AURONZO (BELLUNO) - Sale fino al Rifugio Auronzo per fotografare la luna piena incastonata in uno dei panorami più iconici delle Dolomiti e sulla via del ritorno muore d'infarto. È finita nel modo più tragico l'escursione serale di un appassionato di fotografia di Ravenna, 65 anni, che ieri aveva deciso di approfittare del cielo tersissimo per fare qualche foto da una posizione privilegiata. L'uomo, amante degli scatti naturalistici, non ha resistito al fascino dell'ambiente che circonda Misurina e alla possibilità di salire in quota per riprenderlo in tutta la sua bellezza.

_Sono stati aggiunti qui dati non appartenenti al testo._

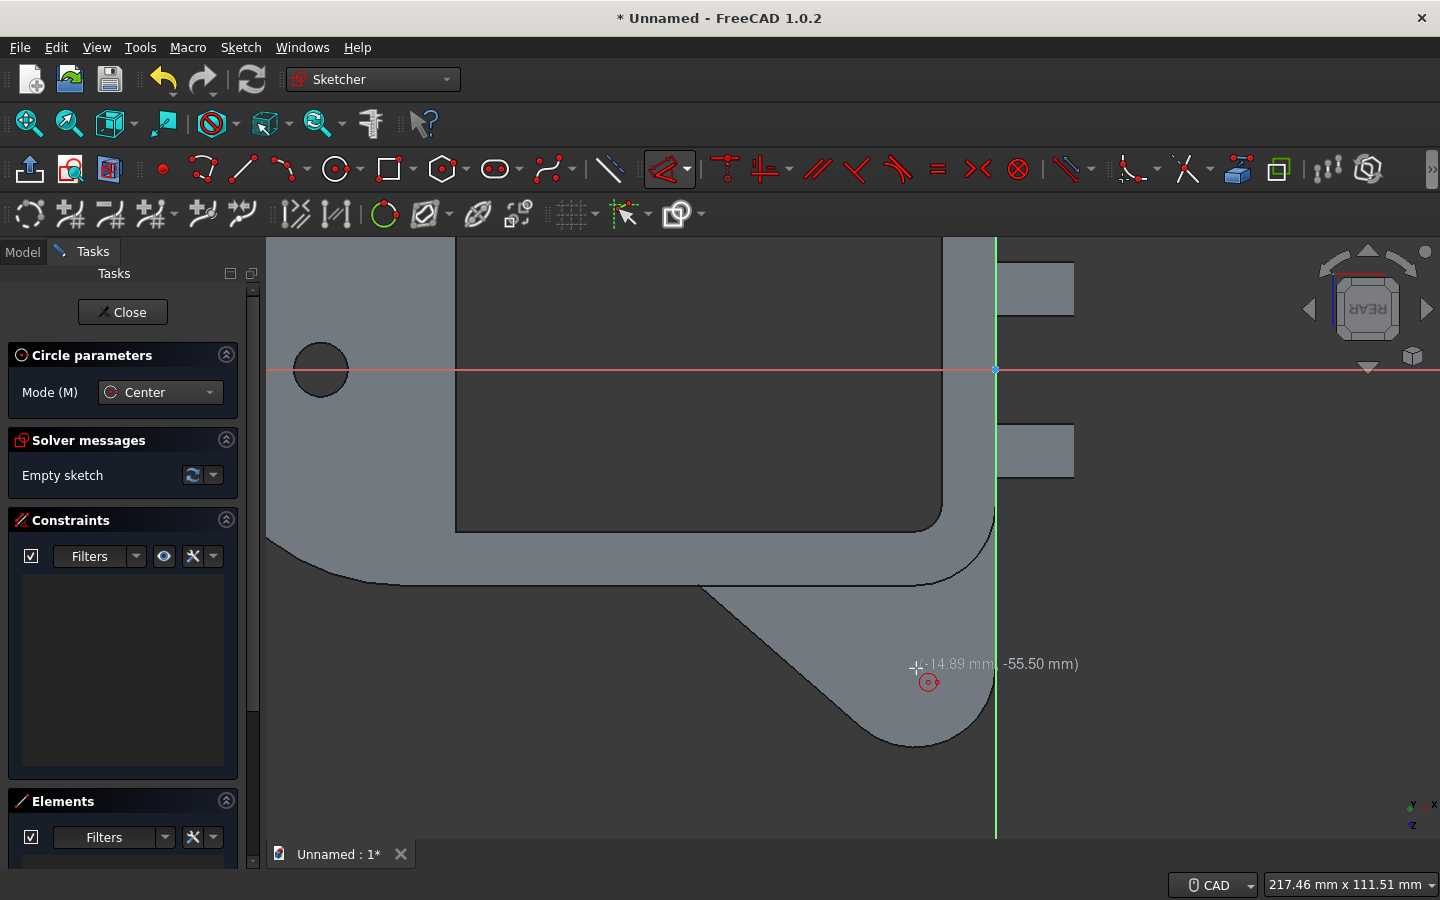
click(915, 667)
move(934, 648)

Del resto quello delle ciaspolate sulla neve sotto la luce lunare o della discesa con lo slittino dal Rifugio Auronzo è uno dei tanti elementi di forte richiamo nelle notti invernali di Misurina. Ecco allora l'idea: farsi trasportare da un amico auronzano, collaboratore del servizio di motoslitte, anche lui pervaso dalla stessa passione. I due sono così saliti al Rifugio Auronzo, che in questo periodo è chiuso, ai piedi del versante meridionale delle celebri Tre Cime di Lavaredo. Al diavolo il freddo pungente, abbondantemente al di sotto dei 10 gradi negativi: la luna piena in un simile contesto è un'occasione da non perdere. Saliti ai 2300 metri del Rifugio, con i loro obiettivi fra lo sbrilluccicare della neve hanno potuto spaziare su Auronzo e Misurina illuminate ai loro piedi, sui pinnacoli dei Cadini, sulle Tre Cime, sul Sorapis, sul Cristallo, sul Monte Piana, sulla Croda Rossa d'Ampezzo. Tutto meraviglioso.